Problem requirements: Please output the data exactly, minus pictures.

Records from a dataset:
____
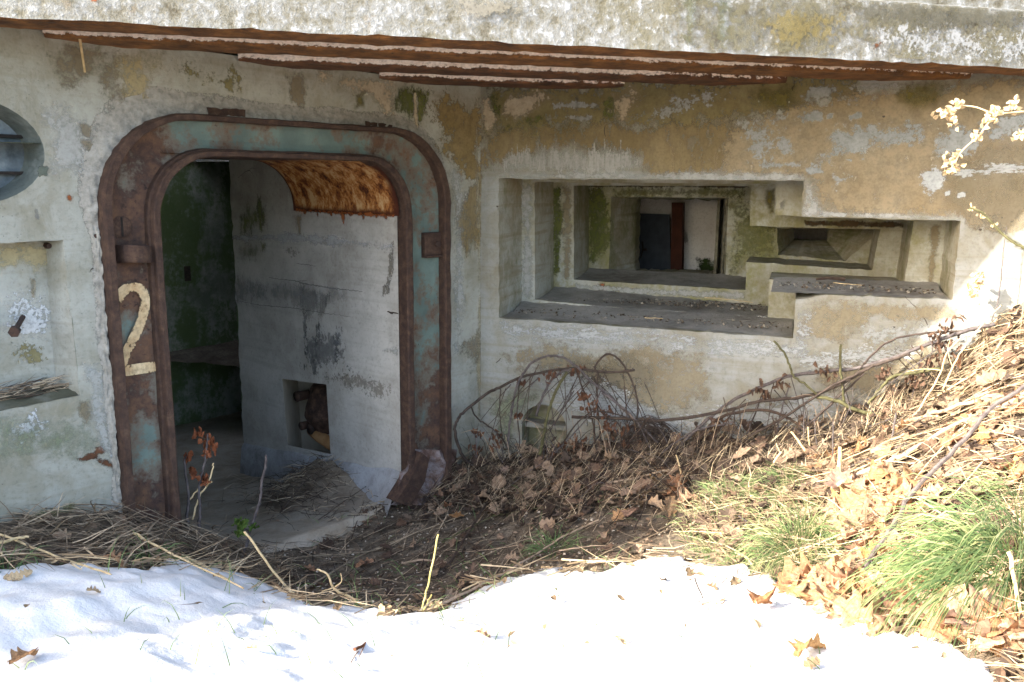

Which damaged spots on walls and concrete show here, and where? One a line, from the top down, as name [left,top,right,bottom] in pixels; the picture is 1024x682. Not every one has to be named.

corrosion [296,208,394,234]
leakage [41,30,1024,299]
peeling [736,85,1024,198]
corrosion [77,446,113,467]
____
Answer box:
Which damaged spots on walls and concrete show here, and where? One a line, from the top down, as name [left,top,right,bottom] in pixels; the picture is 1024x682. Not every one has to be named.

corrosion [296,208,394,234]
leakage [41,30,1024,299]
peeling [736,85,1024,198]
corrosion [77,446,113,467]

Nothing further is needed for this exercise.